[Records from a collection]
━━━━━━━━

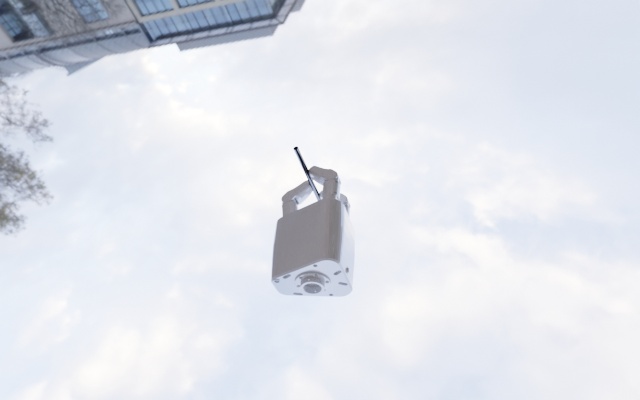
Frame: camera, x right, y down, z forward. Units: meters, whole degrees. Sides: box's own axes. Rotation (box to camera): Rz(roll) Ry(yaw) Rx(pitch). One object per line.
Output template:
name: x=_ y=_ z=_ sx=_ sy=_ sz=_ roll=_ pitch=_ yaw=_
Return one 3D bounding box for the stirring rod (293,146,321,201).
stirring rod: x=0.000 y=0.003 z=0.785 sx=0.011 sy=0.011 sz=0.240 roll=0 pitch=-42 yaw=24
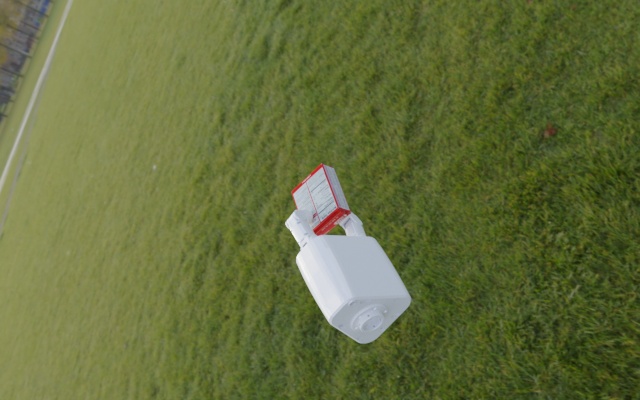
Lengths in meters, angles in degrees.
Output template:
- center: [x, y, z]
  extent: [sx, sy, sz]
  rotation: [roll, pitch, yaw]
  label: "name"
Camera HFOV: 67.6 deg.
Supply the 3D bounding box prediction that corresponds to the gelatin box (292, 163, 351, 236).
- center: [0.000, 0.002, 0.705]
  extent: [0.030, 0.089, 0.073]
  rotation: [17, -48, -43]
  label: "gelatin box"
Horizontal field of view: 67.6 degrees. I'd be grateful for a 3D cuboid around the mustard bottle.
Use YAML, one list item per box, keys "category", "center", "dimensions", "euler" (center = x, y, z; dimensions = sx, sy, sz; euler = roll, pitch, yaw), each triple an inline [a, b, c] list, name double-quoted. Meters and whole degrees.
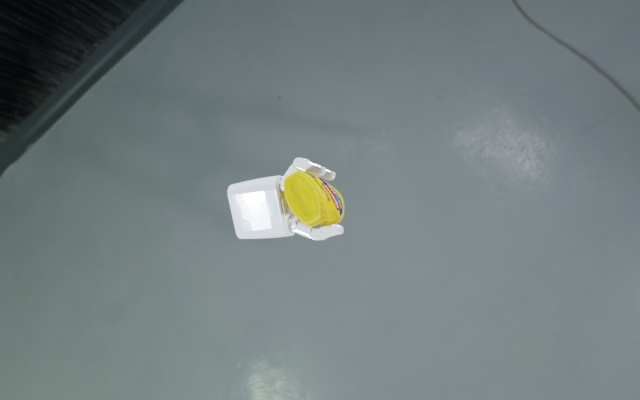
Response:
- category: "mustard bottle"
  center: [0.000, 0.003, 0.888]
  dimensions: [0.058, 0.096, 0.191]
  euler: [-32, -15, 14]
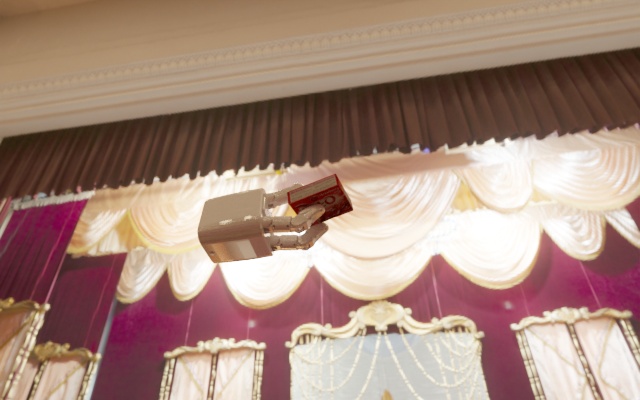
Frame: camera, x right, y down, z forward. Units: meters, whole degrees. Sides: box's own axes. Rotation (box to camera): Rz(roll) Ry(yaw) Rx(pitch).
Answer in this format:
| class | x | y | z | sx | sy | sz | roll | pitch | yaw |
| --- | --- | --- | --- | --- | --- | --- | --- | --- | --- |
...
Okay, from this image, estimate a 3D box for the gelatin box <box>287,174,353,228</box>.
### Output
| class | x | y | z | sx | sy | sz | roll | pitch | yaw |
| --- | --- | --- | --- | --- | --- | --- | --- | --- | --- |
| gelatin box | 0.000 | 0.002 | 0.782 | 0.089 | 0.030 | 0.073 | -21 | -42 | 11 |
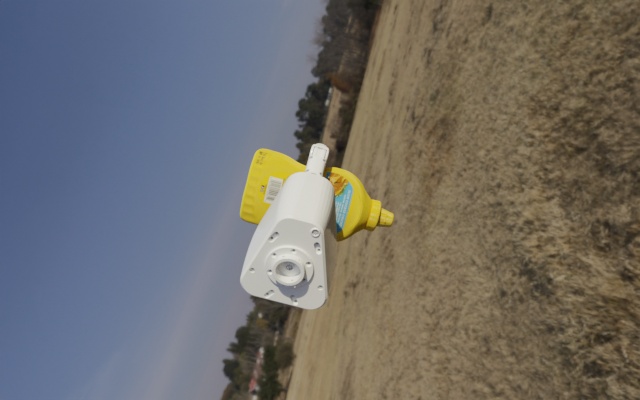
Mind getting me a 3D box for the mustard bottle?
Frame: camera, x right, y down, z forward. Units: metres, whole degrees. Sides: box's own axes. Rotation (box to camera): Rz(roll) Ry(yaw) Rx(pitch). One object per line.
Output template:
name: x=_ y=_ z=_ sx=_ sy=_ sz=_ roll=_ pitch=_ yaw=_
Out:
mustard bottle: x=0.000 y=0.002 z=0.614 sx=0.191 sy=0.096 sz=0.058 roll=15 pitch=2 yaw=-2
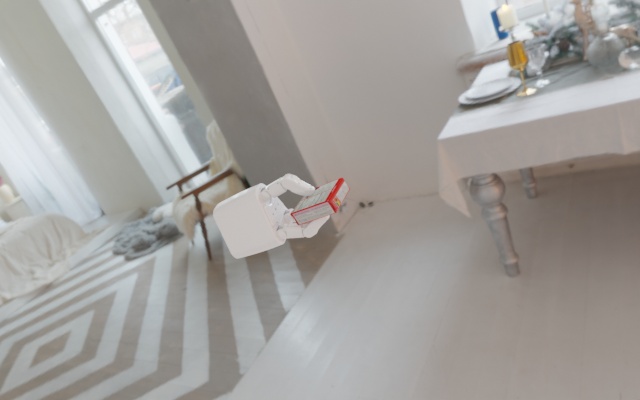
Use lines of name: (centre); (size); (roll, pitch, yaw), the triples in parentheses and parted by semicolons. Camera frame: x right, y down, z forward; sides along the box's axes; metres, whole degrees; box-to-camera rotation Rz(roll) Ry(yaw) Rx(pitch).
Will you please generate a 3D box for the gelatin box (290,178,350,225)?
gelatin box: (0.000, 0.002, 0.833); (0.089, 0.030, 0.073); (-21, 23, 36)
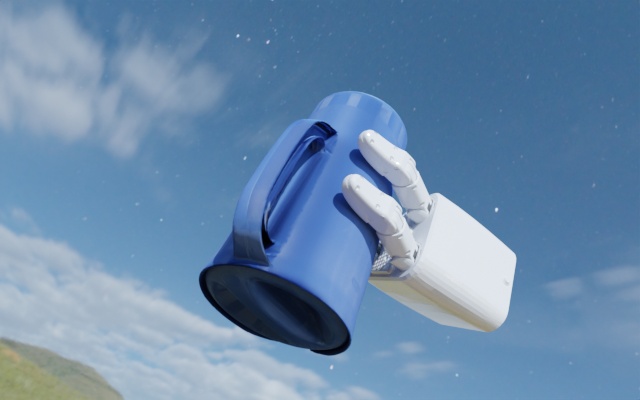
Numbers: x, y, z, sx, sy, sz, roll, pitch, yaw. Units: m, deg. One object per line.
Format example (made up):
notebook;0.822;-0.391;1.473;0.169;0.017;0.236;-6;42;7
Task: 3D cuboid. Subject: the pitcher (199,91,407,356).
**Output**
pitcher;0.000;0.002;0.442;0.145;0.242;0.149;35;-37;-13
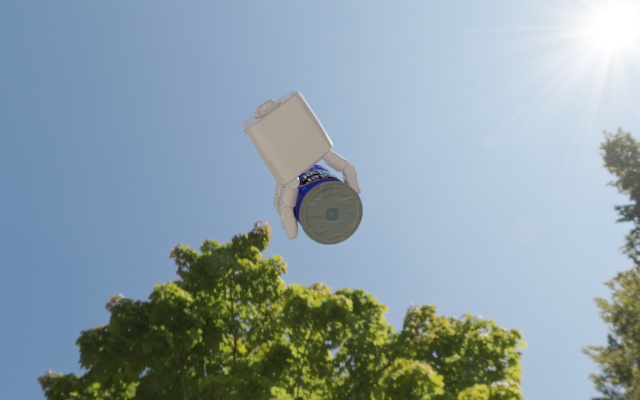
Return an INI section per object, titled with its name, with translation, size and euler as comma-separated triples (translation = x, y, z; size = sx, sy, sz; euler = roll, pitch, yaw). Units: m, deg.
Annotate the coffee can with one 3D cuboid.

━━━━━━━━

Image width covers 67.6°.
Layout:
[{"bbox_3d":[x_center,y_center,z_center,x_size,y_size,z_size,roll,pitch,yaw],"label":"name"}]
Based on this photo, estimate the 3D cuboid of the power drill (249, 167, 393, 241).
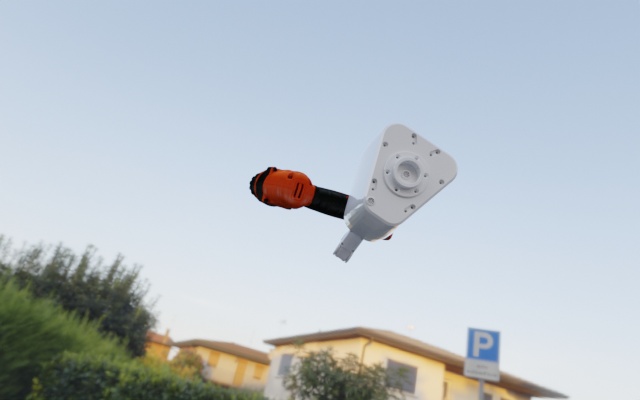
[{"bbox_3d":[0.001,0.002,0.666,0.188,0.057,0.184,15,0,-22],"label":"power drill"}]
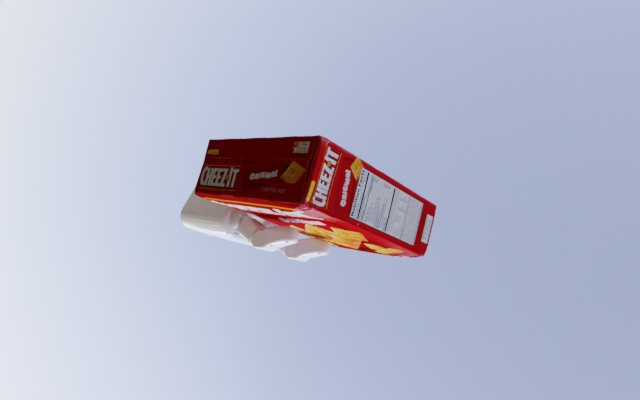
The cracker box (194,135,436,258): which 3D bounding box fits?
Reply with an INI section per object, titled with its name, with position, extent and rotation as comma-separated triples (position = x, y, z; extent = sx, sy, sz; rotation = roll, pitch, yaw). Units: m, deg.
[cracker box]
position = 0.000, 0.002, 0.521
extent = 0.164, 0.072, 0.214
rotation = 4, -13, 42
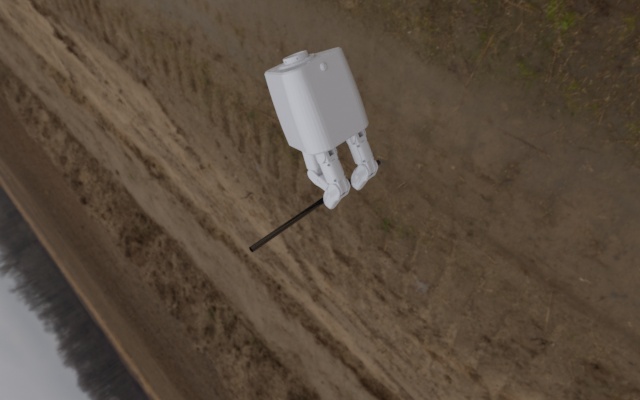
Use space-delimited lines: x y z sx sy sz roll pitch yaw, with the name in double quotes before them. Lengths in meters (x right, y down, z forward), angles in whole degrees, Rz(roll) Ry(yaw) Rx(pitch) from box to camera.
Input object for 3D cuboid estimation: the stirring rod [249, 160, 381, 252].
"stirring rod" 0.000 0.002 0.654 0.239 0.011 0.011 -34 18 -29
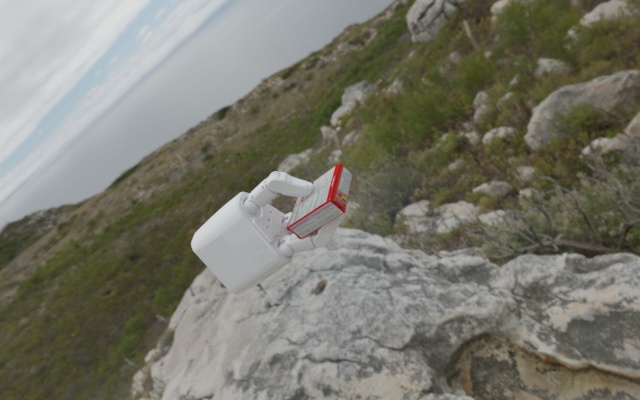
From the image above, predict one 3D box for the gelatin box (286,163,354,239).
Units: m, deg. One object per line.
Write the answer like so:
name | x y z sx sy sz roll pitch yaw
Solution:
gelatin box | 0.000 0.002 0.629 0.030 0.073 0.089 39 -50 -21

━━━━━━━━

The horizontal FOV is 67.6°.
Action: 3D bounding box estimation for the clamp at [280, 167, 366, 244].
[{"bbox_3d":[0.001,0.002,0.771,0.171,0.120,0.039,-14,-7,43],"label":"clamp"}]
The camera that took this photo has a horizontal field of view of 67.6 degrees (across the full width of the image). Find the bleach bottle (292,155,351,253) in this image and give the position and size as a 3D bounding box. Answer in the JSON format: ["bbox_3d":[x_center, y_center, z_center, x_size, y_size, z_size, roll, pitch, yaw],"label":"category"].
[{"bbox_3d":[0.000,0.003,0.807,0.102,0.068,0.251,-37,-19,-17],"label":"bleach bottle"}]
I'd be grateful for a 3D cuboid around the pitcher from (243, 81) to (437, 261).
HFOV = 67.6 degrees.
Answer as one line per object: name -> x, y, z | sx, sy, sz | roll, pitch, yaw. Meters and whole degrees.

━━━━━━━━

* Task goal *
Return only the part above that opens with the line containing "Use space-delimited lines: x" and closes with the line containing "name | x y z sx sy sz roll pitch yaw", exactly and with both ends, skipping the pictures.

* Exercise result *
Use space-delimited lines: x y z sx sy sz roll pitch yaw, with the name in double quotes before them. Lengths in meters (x right, y down, z forward), angles in whole degrees, Rz(roll) Ry(yaw) Rx(pitch) from box to camera.
Input object for 3D cuboid estimation: the stirring rod [249, 160, 381, 252].
"stirring rod" 0.000 0.002 0.654 0.239 0.011 0.011 -34 18 -29
From the image above, predict one 3D box for the gelatin box (286,163,354,239).
Units: m, deg. One object per line.
Write the answer like so:
name | x y z sx sy sz roll pitch yaw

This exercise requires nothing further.